In rhetorical terms, there was absolutely no sign of change in China’s goal of maintaining peace and stability and denuclearization or the shared goal of denuclearization of the Korean peninsula through peaceful negotiations.  One potentially positive development was the establishment of a series of high-level dialogue opportunities over the next few months, including the planned visit of Chairman of the Joint Chiefs of Staff Martin Dempsey, intelligence exchanges, and the Strategic and Economic Dialogue set to take place in July.

In advance of Hu Jintao’s visit to the United States in January 2011, intensified Sino-U.S. consultations appeared to serve as a brake on further escalation of inter-Korean tensions following the North Korean shelling of Yeonpyeong Island in November 2010.  That period also contained combined U.S.-ROK efforts to reinforce deterrence and Chinese diplomatic outreach to Pyongyang.  An intensified Sino-U.S. consultation process over North Korea in the coming months might delay North Korea’s January pledge to conduct more missile and/or nuclear tests following the passage of UN Security Council Resolution 2087.

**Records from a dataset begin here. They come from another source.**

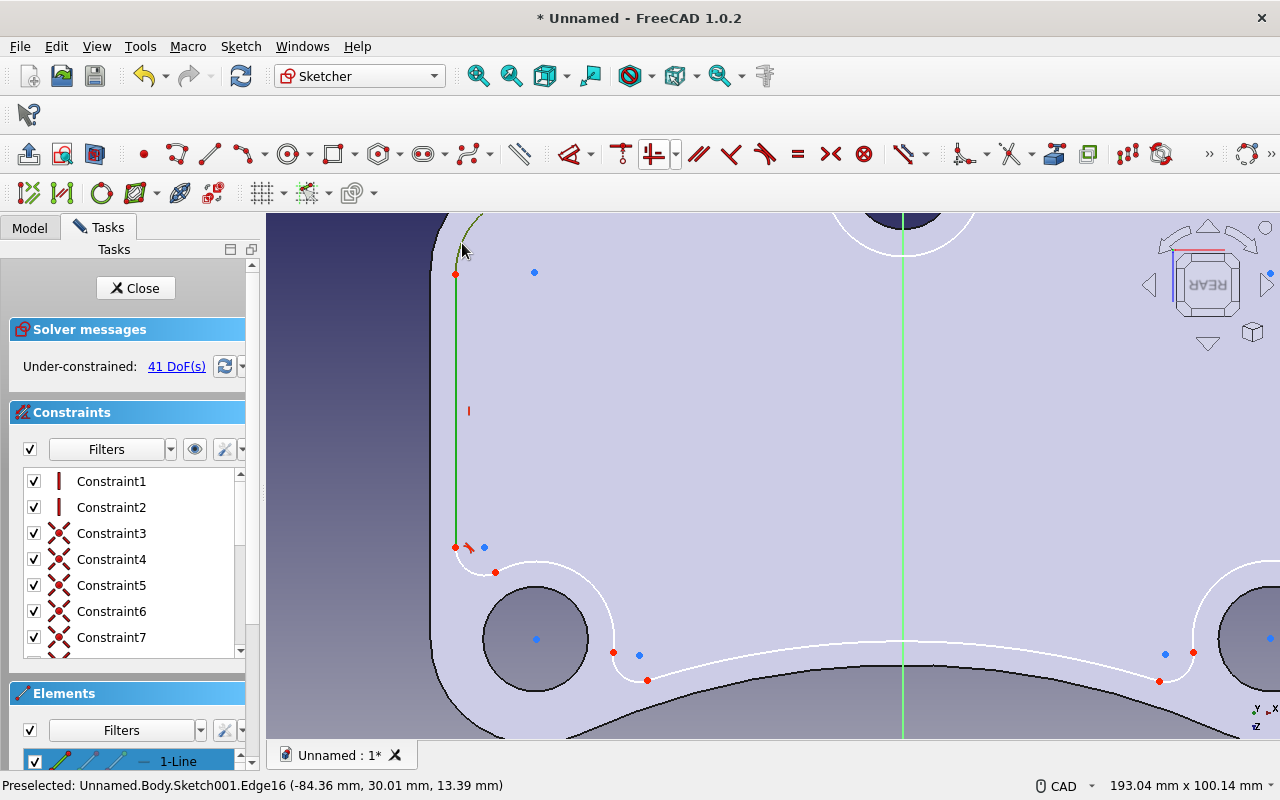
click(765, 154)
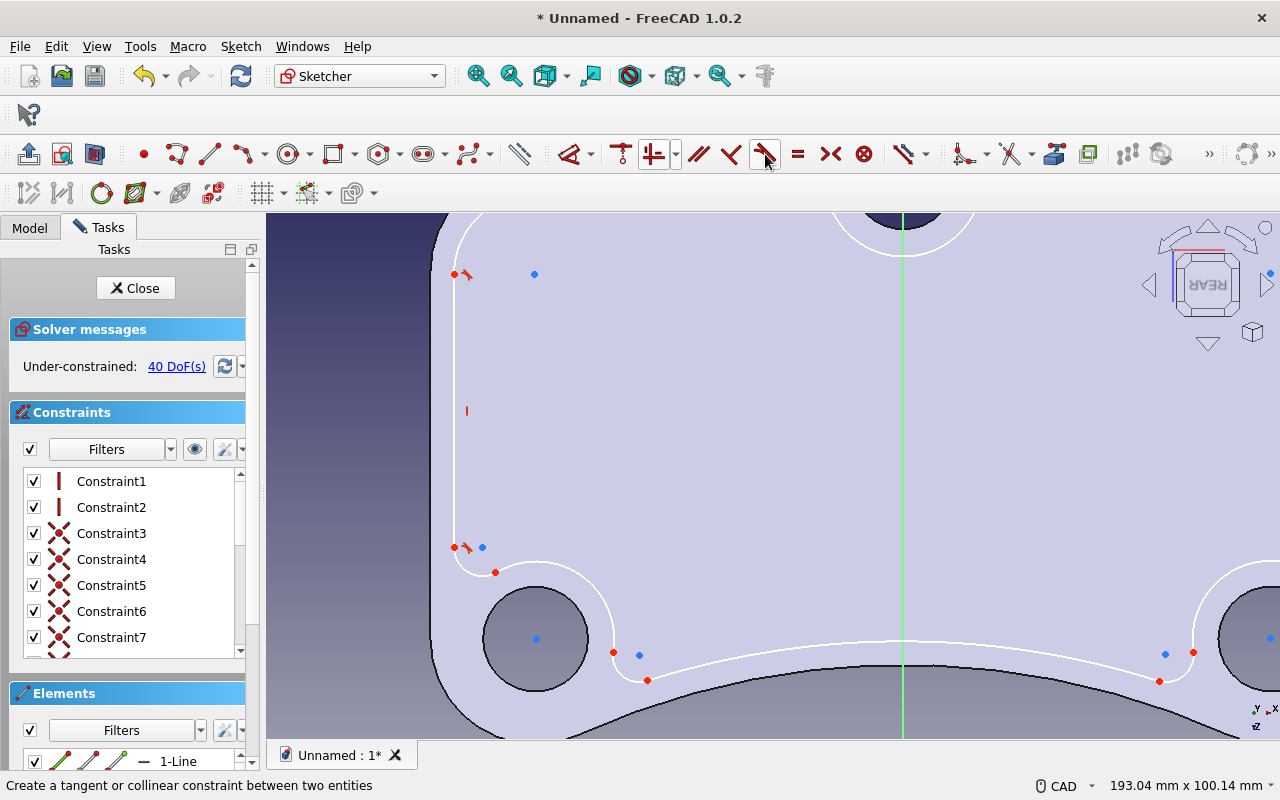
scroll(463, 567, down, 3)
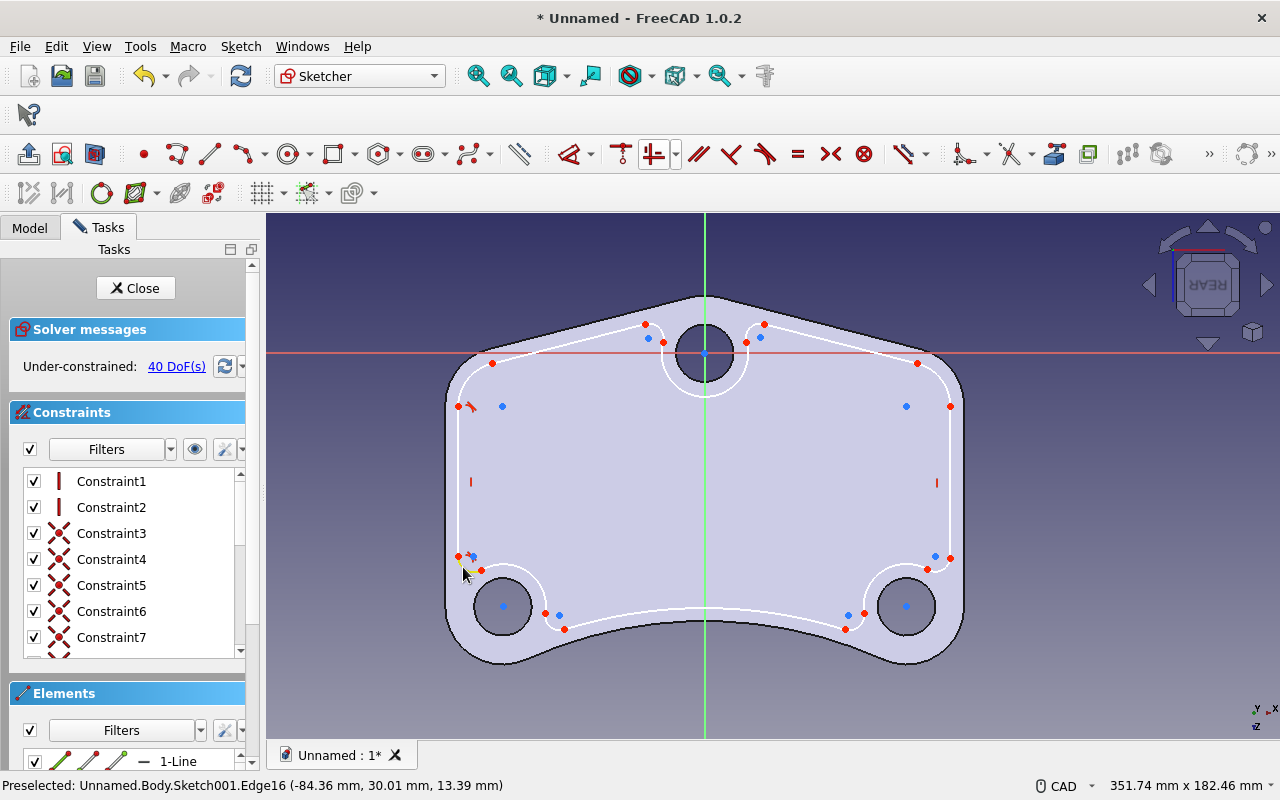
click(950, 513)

Secretary Kerry’s visit to Tokyo seemed to underscore the difficulties that the United States faces in effectively finding the right mix of deterrence and diplomacy necessary to catalyze united and firm regional support for U.S. denuclearization and nonproliferation objectives in North Korea.  For Japan, Kerry’s apparent dialing back on deterrence in favor of diplomacy appears to have raised anxiety levels in Tokyo.  Japan’s response underlines the question of whether the United States can now advance its diplomatic efforts toward North Korea on a new model, without such an approach being perceived as a return to the regular cycle of brinkmanship-negotiation-and reward. The Obama administration continues to face the burden of showing that a return to negotiations with North Korea will not represent what former Defense Secretary Gates referred to as buying the same horse for a third time.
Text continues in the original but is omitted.